Medical center saving money with solar and natural gas

February 9, 2012 by  
Filed under Green Energy News

With solar energy becoming more prevalent throughout the country, companies are jumping on board to make sure they are saving money along with everyone else. One of the companies that recently converted to using solar power is the Crow Canyon Medical Center in Danville, California.

One of the leading rooftop California solar installation companies recently unveiled construction of the project, which will use solar panels to lower the current operating costs of the building’s electric chiller system.

The Crow Canyon Medical Center had 75 solar panels installed on the roof of the five-story building in one day. The package that the solar solution company offered took away upfront costs and deferred payments to match or beat the expected savings on energy.

The solar company will also install a 50-ton absorption chiller that can be powered through solar energy or natural gas. The chiller will be able to provide heating and cooling around the clock as a result of these dual power sources.

“I believe this project is the largest solar field we have ever installed in one day,” said Justin Weil, president of SunWater Solar.

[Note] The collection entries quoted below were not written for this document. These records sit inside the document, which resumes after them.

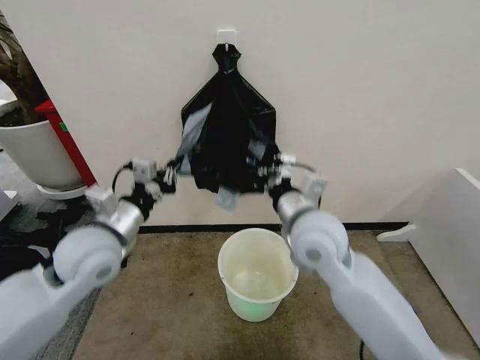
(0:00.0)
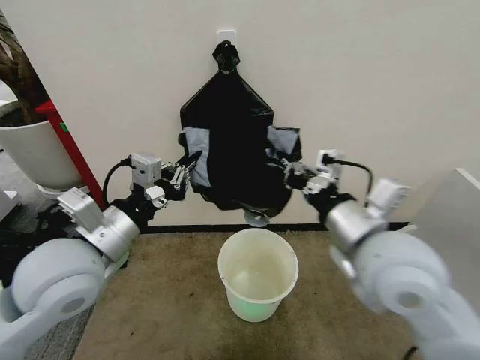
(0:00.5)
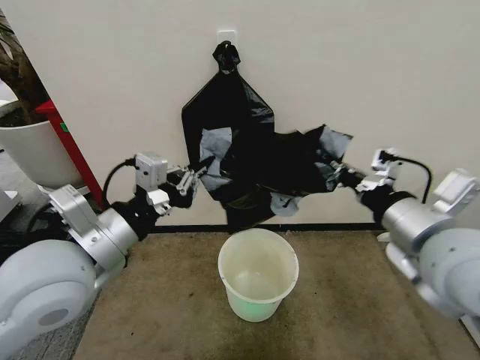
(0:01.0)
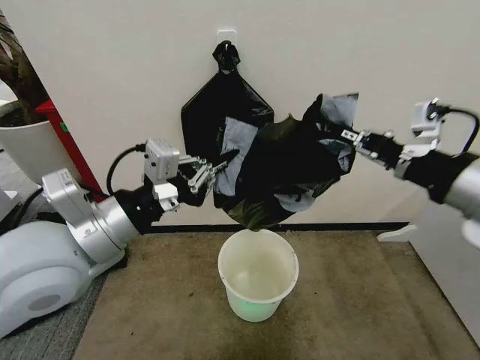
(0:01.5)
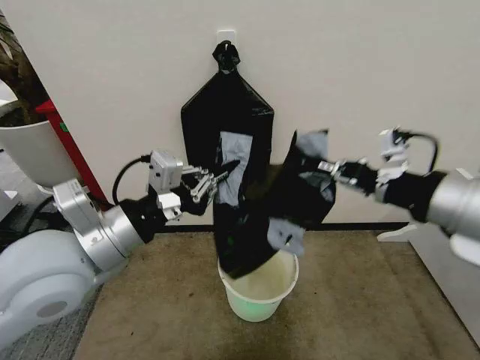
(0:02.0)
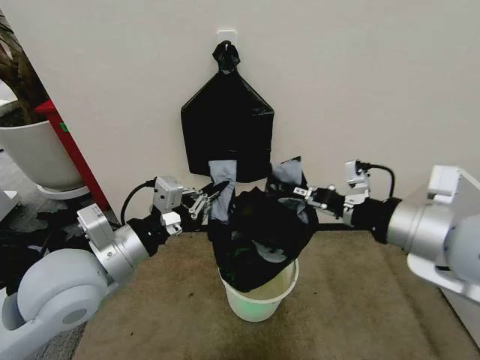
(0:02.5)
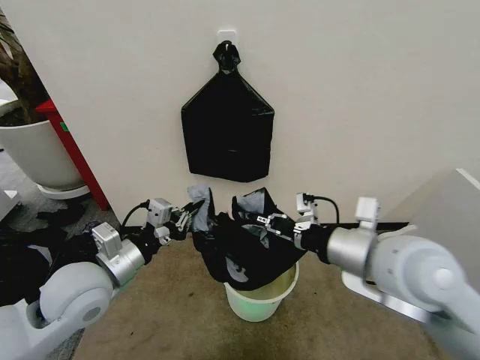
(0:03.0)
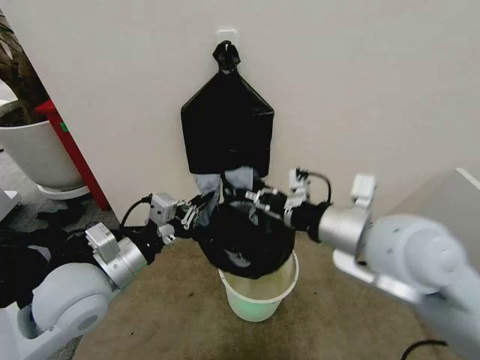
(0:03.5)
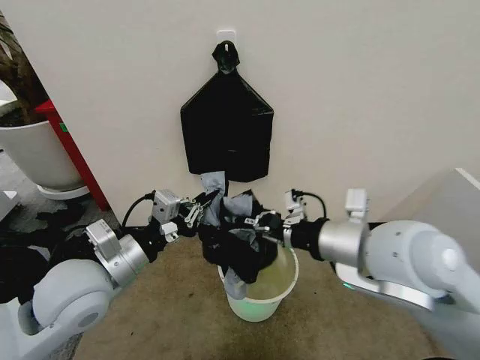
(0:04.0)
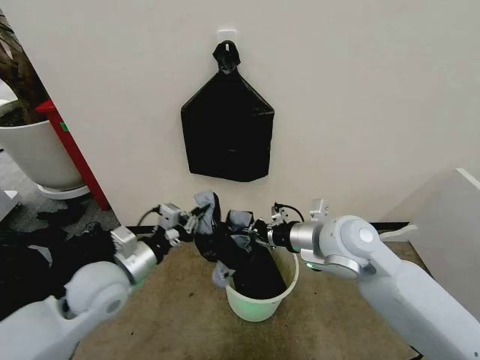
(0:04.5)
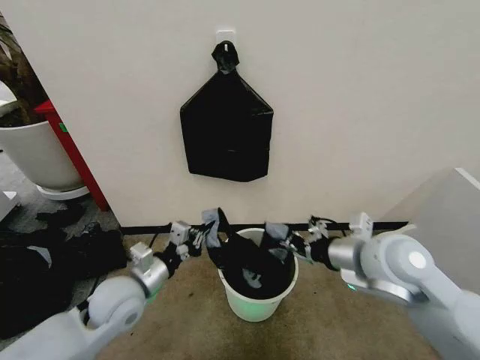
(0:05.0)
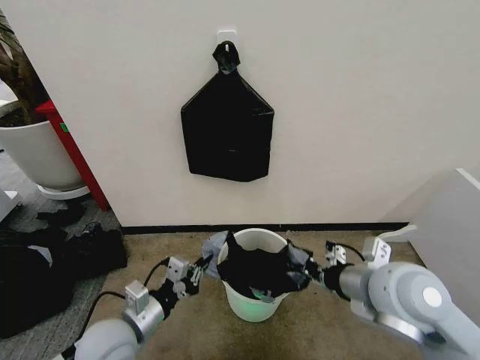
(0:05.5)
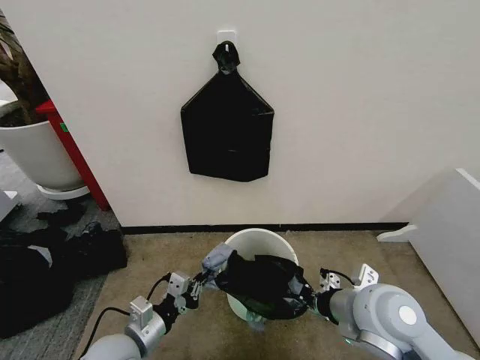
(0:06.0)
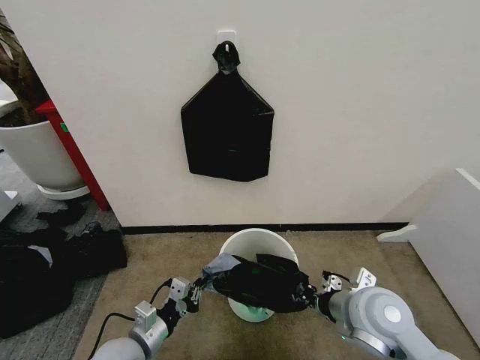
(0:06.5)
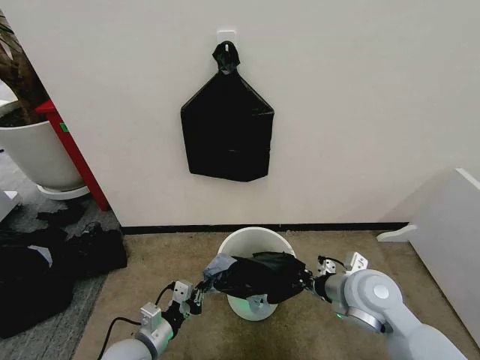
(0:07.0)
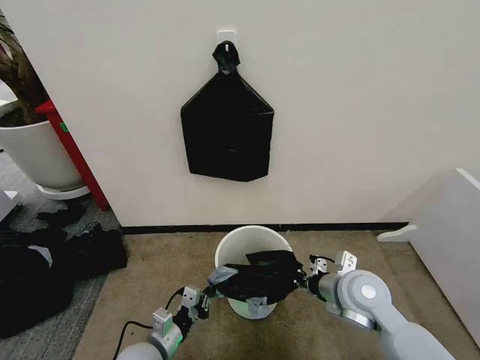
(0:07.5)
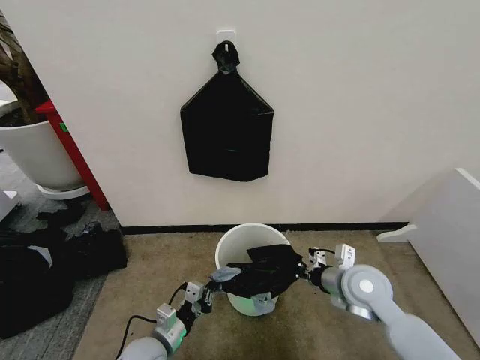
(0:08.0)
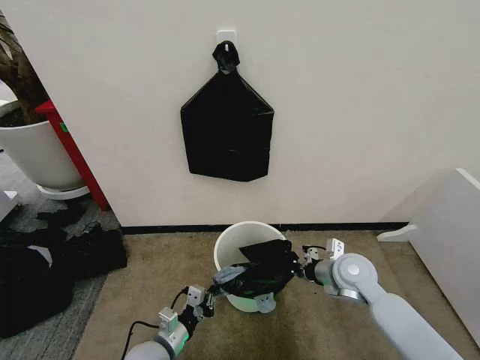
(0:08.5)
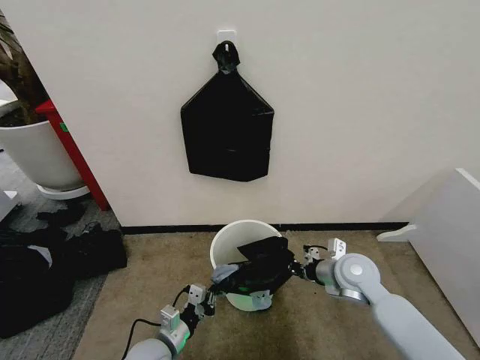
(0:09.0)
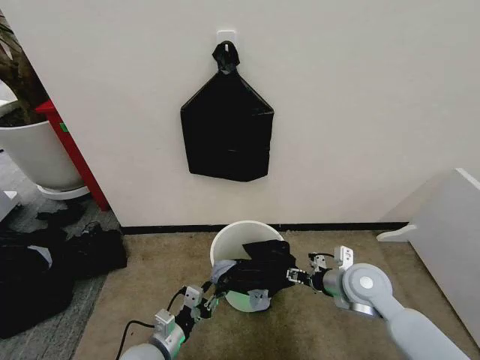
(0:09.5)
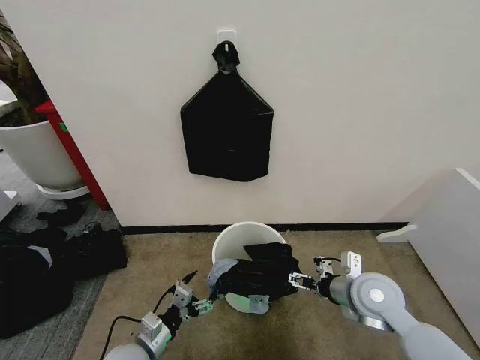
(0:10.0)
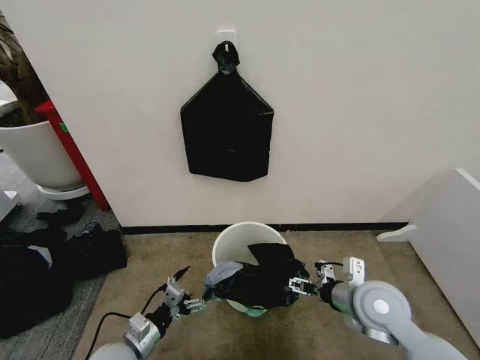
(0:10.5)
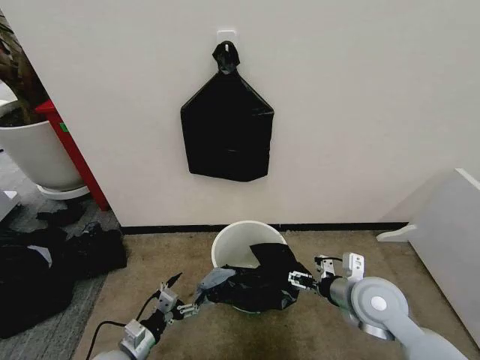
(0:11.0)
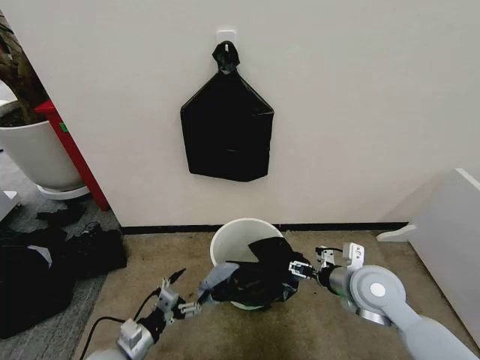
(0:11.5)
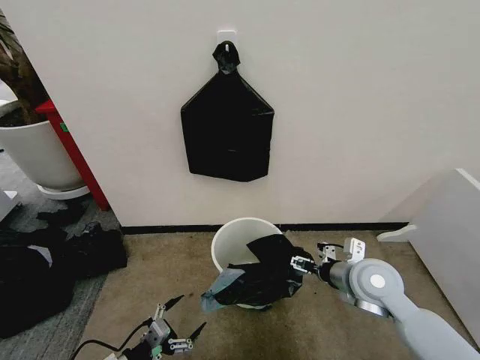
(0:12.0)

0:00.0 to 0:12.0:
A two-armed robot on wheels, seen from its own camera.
Task of the whole recording: Place the garbage bag over the trash bin.
0:00.0 to 0:02.0: The left gripper heads upward and backward, covering approximately 10 cm; the right gripper goes approximately 25 cm to the right, upward and backward.
0:02.0 to 0:04.0: The right gripper shifts approximately 10 cm to the left and downward, while the left gripper shifts approximately 10 cm downward.
0:04.0 to 0:06.0: Both grippers travel together downward, some 15 cm.
0:06.0 to 0:08.0: The right gripper heads downward and forward, covering some 10 cm, while the left gripper goes about 10 cm downward.
0:08.0 to 0:10.0: The right gripper opens; the left gripper opens up.
0:10.0 to 0:12.0: The left gripper is displaced to the left and backward by about 10 cm.

The solar system installed on the medical center will offset 145,000 kilowatt hours that would normally be accounted for by the systems that are currently in place to cool the building, and will also offset 1,100 therms of natural gas used for water and space heating.

“We have strived to incorporate the best energy efficiency and environmental performance technologies at Crow Canyon Medical Center,” said John Moore, a general partner of the center. “However, the existing electric chillers dominated our energy consumption and represented a challenge in the building upgrade. The Chromasun solar and gas chiller installation is expected to significantly displace our future cooling and heating needs even with our limited roof area.”

The CEO of the solar panel manufacturer commented that combining natural gas and solar power can offer cost savings and convenience. He said many building owners would be surprised at the extent of potential savings offered by systems such as the one in place at Crow Canyon. He pointed out that natural gas prices do not go up during summertime peak usage periods.

The investment in solar power by a medical facility, where the loss of power could have a catastrophic impact on patient care, also reinforces how reliable solar has become. This reliability is likely to become even more pronounced as further technological advancements are made. The federal government recently announced its continuing support of solar initiatives.

According to the U.S. Energy Secretary Steven Chu, the White House is investing $12 million to support and spur innovation within the solar power industry, following President Barack Obama’s pledge to have clean energy meet 80 percent of the United States’ power needs by 2035.

The program, which is being called the SunShot, is planned to jump-start American innovations and reduce the cost of solar energy. The Energy Department has also invested $60 million in an incubator program that is meant to help new solar concepts and small businesses.